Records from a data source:
※

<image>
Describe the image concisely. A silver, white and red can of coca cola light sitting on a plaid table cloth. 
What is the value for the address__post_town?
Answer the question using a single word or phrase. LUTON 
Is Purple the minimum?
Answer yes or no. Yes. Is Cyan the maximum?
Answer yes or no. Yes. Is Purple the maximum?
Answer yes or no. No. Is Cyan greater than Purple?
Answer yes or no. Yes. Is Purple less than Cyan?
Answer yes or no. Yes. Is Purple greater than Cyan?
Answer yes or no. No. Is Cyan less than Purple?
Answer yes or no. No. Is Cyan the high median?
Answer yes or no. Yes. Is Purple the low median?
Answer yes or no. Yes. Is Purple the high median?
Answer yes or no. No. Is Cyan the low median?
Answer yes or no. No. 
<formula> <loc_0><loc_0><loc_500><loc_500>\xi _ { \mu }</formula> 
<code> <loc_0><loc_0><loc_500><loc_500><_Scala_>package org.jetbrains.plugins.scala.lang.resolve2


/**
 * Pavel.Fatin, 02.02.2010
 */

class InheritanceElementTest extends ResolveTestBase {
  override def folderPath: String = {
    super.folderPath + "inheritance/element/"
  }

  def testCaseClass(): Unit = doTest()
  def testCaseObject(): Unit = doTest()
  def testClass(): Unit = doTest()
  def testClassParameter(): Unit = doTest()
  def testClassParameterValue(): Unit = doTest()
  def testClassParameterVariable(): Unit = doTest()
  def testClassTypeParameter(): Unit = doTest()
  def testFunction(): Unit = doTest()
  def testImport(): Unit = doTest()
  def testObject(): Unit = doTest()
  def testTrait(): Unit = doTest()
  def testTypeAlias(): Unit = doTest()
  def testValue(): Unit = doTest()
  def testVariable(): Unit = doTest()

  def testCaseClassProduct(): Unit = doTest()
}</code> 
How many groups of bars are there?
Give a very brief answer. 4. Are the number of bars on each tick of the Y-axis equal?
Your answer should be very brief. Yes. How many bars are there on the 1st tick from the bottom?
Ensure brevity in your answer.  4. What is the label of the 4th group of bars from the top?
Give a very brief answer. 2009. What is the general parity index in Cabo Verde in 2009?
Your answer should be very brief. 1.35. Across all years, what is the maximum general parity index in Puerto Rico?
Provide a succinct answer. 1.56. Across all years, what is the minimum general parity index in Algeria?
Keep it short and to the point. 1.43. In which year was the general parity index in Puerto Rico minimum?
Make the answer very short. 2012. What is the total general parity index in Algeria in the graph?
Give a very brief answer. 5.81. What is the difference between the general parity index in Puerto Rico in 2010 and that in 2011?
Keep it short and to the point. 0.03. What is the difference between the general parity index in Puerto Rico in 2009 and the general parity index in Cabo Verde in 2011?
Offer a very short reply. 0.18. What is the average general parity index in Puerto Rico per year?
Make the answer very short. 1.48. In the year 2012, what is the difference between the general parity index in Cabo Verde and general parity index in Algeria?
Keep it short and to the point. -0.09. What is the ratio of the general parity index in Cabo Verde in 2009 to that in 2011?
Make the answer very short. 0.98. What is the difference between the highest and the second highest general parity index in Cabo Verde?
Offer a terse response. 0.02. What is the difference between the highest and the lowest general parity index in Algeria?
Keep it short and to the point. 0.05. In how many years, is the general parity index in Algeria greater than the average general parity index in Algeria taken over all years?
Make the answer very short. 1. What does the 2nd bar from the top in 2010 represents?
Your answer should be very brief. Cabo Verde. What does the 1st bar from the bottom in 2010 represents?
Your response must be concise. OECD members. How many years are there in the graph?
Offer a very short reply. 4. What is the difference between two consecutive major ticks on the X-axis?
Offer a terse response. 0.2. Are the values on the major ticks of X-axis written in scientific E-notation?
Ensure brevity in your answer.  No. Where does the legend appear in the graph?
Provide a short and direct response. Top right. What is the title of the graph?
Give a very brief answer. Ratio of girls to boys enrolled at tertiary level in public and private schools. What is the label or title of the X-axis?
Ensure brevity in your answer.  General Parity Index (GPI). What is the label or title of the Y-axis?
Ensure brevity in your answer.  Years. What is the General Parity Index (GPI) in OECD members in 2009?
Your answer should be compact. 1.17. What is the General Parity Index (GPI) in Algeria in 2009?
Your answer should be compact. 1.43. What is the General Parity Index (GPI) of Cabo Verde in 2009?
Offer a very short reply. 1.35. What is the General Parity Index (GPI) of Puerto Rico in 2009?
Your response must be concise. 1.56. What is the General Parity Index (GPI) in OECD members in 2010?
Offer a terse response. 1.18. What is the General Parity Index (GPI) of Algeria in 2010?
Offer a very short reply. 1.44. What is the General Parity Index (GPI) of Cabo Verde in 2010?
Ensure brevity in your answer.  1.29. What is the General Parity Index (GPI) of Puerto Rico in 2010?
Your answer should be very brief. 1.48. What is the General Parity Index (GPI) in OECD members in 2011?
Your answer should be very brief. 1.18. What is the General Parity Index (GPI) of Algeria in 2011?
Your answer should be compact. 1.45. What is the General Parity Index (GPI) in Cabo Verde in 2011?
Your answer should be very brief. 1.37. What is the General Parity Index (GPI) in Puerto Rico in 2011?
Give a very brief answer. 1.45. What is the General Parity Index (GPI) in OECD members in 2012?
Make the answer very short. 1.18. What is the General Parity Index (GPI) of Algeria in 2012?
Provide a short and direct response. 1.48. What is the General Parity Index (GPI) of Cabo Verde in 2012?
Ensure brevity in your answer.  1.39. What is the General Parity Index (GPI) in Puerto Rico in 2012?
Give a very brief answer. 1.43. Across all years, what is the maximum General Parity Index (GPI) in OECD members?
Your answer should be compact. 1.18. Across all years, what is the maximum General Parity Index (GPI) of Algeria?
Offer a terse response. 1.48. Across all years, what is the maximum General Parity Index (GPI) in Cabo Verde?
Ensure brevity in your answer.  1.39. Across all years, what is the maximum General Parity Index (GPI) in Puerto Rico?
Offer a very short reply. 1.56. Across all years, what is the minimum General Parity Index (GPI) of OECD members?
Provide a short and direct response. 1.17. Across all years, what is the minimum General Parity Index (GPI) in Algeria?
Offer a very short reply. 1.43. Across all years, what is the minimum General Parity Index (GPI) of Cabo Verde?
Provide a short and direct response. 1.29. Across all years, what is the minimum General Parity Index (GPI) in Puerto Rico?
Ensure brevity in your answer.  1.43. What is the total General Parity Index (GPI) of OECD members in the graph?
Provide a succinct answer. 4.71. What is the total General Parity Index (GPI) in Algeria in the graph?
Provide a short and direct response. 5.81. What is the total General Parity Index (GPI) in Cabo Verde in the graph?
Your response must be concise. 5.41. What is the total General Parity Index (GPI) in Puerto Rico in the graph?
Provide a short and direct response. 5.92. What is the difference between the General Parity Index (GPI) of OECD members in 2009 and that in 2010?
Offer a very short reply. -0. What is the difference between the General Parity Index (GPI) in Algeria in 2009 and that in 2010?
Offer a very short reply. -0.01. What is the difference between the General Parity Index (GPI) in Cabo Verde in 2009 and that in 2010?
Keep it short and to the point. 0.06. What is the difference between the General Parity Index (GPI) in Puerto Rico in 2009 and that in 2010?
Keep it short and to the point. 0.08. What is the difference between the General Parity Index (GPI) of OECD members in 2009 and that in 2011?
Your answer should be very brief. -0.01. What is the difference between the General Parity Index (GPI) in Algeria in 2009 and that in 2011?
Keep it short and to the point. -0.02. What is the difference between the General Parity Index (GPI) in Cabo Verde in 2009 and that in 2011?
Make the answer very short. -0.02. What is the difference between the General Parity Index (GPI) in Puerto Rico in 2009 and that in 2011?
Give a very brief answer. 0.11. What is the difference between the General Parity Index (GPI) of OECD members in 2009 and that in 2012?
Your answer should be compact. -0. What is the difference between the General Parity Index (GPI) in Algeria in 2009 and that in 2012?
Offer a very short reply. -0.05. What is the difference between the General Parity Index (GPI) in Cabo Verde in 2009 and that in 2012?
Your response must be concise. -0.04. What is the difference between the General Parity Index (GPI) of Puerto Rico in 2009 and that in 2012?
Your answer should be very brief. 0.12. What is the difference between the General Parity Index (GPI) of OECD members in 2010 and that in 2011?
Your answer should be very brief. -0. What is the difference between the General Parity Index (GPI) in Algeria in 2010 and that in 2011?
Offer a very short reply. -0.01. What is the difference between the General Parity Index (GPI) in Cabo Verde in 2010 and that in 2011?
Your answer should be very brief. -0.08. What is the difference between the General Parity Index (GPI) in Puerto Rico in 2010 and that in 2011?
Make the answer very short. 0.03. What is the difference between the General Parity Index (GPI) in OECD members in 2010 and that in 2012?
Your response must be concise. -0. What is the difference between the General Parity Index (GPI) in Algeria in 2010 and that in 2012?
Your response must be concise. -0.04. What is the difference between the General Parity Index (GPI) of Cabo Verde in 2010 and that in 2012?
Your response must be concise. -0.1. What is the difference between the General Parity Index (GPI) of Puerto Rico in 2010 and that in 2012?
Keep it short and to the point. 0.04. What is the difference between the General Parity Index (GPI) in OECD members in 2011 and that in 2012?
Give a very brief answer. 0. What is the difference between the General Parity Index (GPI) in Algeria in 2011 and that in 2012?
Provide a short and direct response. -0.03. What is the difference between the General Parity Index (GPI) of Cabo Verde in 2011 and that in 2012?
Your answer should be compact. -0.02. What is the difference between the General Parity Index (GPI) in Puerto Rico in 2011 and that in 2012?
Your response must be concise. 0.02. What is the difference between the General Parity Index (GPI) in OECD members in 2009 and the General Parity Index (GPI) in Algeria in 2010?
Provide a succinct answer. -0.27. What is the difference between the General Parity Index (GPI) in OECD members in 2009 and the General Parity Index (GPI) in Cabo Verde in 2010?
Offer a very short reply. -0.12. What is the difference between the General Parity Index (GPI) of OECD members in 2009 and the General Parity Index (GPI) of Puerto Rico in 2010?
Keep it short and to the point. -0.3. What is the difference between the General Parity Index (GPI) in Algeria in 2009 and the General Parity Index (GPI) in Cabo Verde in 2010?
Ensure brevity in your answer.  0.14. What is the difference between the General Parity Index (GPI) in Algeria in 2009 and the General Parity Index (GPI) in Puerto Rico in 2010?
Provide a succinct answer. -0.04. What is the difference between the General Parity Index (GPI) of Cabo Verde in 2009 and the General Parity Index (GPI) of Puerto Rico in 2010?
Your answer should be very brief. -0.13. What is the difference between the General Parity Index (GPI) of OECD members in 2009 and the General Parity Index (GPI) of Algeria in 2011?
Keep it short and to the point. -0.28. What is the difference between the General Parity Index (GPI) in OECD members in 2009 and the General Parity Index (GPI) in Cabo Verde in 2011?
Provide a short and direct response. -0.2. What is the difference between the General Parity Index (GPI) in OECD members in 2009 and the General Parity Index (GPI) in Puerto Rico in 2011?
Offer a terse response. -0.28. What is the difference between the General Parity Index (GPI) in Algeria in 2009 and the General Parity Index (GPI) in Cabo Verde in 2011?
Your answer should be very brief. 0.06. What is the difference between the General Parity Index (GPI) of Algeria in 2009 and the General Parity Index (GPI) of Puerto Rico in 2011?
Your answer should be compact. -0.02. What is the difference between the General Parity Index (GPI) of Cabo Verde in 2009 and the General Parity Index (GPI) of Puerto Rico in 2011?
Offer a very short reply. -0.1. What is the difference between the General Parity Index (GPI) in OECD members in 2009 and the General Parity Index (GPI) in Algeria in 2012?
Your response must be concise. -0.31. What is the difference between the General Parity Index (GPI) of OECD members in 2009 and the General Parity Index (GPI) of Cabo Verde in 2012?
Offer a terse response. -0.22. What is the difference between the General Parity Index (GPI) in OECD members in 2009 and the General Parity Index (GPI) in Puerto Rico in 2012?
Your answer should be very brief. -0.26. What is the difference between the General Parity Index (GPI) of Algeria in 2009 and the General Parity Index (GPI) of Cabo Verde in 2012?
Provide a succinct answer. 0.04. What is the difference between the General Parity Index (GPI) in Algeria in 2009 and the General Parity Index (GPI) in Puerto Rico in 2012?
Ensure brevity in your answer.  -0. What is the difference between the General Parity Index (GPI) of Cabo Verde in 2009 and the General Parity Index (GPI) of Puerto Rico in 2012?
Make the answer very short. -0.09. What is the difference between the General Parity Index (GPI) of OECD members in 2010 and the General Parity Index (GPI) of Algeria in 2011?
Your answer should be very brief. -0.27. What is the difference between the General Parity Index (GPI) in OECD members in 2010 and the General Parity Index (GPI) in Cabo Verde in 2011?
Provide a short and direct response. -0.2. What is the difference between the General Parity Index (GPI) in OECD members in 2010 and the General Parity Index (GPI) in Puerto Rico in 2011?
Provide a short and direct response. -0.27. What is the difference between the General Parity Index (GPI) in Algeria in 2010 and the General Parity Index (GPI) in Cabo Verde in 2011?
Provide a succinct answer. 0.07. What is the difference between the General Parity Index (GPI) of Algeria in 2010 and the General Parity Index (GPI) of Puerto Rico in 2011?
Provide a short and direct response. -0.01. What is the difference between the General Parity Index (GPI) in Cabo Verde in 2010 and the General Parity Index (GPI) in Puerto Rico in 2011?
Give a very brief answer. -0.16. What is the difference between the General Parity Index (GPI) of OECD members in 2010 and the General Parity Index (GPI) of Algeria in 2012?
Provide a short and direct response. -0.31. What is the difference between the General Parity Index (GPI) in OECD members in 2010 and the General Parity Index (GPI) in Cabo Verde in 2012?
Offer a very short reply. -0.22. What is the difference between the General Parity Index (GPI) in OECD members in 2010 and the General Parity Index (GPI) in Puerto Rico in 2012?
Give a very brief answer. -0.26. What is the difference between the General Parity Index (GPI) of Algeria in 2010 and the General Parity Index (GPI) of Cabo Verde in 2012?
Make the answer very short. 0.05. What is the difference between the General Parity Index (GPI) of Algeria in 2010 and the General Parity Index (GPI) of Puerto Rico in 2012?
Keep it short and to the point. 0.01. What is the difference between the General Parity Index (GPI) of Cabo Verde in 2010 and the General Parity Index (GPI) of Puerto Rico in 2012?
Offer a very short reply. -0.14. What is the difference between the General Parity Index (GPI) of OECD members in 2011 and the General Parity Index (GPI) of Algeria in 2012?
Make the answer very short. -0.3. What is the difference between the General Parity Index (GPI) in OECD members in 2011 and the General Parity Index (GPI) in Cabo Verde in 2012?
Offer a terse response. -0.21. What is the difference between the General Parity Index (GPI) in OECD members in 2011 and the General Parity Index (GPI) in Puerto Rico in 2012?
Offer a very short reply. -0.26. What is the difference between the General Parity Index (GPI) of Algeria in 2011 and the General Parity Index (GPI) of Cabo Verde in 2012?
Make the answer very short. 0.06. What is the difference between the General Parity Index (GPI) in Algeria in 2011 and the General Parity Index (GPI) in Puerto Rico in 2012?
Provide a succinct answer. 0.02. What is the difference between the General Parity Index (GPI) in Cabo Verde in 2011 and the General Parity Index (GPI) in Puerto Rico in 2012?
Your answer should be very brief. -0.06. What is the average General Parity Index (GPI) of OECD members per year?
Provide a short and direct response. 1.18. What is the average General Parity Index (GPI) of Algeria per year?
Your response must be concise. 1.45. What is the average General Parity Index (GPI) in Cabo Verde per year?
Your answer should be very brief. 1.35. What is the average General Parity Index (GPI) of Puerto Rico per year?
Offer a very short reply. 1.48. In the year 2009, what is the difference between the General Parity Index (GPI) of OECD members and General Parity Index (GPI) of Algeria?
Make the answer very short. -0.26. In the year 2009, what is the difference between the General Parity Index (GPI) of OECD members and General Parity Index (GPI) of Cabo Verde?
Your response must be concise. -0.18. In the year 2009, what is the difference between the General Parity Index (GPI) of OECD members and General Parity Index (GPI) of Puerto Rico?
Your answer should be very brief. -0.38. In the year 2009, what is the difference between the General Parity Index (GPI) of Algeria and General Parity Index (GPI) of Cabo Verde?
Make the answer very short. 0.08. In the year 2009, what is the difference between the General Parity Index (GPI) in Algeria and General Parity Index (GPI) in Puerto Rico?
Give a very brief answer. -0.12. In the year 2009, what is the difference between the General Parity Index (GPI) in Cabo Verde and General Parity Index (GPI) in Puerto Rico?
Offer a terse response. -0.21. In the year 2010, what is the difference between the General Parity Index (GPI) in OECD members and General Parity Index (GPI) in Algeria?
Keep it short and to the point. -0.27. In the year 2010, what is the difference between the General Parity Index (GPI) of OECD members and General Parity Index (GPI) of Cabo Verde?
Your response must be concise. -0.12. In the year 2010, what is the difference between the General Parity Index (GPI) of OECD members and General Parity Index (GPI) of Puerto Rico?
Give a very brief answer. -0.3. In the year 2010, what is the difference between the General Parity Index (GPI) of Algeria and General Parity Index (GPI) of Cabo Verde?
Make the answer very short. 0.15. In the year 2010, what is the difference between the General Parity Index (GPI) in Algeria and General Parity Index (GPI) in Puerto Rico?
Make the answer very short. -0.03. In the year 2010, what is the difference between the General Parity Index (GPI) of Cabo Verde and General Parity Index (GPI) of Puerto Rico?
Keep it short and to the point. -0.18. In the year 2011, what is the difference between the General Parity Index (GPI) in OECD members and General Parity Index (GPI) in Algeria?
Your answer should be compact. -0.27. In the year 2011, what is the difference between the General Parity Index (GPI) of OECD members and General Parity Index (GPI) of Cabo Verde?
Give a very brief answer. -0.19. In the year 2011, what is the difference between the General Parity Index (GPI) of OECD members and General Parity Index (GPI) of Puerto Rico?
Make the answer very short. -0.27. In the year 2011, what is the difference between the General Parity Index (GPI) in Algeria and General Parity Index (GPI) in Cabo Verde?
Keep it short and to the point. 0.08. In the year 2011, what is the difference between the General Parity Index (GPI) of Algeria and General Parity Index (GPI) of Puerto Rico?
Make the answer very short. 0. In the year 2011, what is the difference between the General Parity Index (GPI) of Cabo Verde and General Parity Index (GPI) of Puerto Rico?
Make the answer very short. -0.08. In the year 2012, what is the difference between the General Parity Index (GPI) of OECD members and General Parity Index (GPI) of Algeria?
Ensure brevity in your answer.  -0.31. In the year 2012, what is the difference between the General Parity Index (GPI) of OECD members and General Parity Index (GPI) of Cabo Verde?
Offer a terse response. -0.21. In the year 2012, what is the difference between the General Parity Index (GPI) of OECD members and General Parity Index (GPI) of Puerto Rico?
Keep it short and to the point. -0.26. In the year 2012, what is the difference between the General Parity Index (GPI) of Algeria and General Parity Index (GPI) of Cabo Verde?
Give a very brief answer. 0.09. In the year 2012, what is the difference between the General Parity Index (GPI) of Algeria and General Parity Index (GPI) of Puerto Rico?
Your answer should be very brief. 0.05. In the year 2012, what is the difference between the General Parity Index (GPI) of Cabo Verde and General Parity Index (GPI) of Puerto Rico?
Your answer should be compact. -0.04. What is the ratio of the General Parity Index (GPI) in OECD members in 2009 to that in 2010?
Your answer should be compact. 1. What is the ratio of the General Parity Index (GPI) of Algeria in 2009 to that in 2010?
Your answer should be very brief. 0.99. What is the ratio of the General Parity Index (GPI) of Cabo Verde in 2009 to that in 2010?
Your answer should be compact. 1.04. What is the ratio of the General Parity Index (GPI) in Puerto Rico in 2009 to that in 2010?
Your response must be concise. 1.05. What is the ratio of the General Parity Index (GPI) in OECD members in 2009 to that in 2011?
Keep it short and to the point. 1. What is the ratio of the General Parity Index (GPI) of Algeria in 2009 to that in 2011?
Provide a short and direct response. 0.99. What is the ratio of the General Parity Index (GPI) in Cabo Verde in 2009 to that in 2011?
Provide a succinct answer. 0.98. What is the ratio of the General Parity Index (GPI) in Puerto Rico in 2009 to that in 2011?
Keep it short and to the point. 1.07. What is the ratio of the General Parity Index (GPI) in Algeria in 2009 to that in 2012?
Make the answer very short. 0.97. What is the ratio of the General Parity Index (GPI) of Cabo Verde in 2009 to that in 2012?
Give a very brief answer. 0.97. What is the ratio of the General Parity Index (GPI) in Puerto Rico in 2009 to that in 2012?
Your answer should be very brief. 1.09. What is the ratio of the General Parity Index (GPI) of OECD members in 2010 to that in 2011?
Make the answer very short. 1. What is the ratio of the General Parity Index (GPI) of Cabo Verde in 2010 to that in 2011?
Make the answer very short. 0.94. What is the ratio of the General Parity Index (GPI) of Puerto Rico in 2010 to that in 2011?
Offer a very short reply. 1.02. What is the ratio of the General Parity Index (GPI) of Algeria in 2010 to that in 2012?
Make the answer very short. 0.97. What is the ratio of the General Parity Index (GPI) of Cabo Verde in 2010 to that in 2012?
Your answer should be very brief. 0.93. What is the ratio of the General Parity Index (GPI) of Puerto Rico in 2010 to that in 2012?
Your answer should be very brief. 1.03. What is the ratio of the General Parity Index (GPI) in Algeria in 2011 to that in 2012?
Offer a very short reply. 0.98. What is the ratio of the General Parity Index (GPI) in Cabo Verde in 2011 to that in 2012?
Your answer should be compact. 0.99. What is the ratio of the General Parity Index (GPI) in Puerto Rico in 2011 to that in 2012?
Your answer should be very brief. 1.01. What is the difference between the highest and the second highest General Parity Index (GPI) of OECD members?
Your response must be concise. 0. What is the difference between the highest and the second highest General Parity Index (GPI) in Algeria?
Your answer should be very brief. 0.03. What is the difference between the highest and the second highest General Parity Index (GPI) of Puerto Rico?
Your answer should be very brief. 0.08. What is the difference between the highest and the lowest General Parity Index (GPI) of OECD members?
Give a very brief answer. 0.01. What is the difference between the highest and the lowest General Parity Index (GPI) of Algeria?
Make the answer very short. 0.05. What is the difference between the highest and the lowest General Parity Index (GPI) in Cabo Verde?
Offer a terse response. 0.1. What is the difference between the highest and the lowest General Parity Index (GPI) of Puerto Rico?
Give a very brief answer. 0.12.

※

What the task asks: Above are the records. Print exactly, and only, the lines from the line with "Keep it short and to the point. 0.06." to the line with "Your answer should be very brief. -0. What", both inclusive.

Completed task:
Keep it short and to the point. 0.06. What is the difference between the General Parity Index (GPI) in Puerto Rico in 2009 and that in 2010?
Keep it short and to the point. 0.08. What is the difference between the General Parity Index (GPI) of OECD members in 2009 and that in 2011?
Your answer should be very brief. -0.01. What is the difference between the General Parity Index (GPI) in Algeria in 2009 and that in 2011?
Keep it short and to the point. -0.02. What is the difference between the General Parity Index (GPI) in Cabo Verde in 2009 and that in 2011?
Make the answer very short. -0.02. What is the difference between the General Parity Index (GPI) in Puerto Rico in 2009 and that in 2011?
Give a very brief answer. 0.11. What is the difference between the General Parity Index (GPI) of OECD members in 2009 and that in 2012?
Your answer should be compact. -0. What is the difference between the General Parity Index (GPI) in Algeria in 2009 and that in 2012?
Offer a very short reply. -0.05. What is the difference between the General Parity Index (GPI) in Cabo Verde in 2009 and that in 2012?
Your response must be concise. -0.04. What is the difference between the General Parity Index (GPI) of Puerto Rico in 2009 and that in 2012?
Your answer should be very brief. 0.12. What is the difference between the General Parity Index (GPI) of OECD members in 2010 and that in 2011?
Your answer should be very brief. -0. What is the difference between the General Parity Index (GPI) in Algeria in 2010 and that in 2011?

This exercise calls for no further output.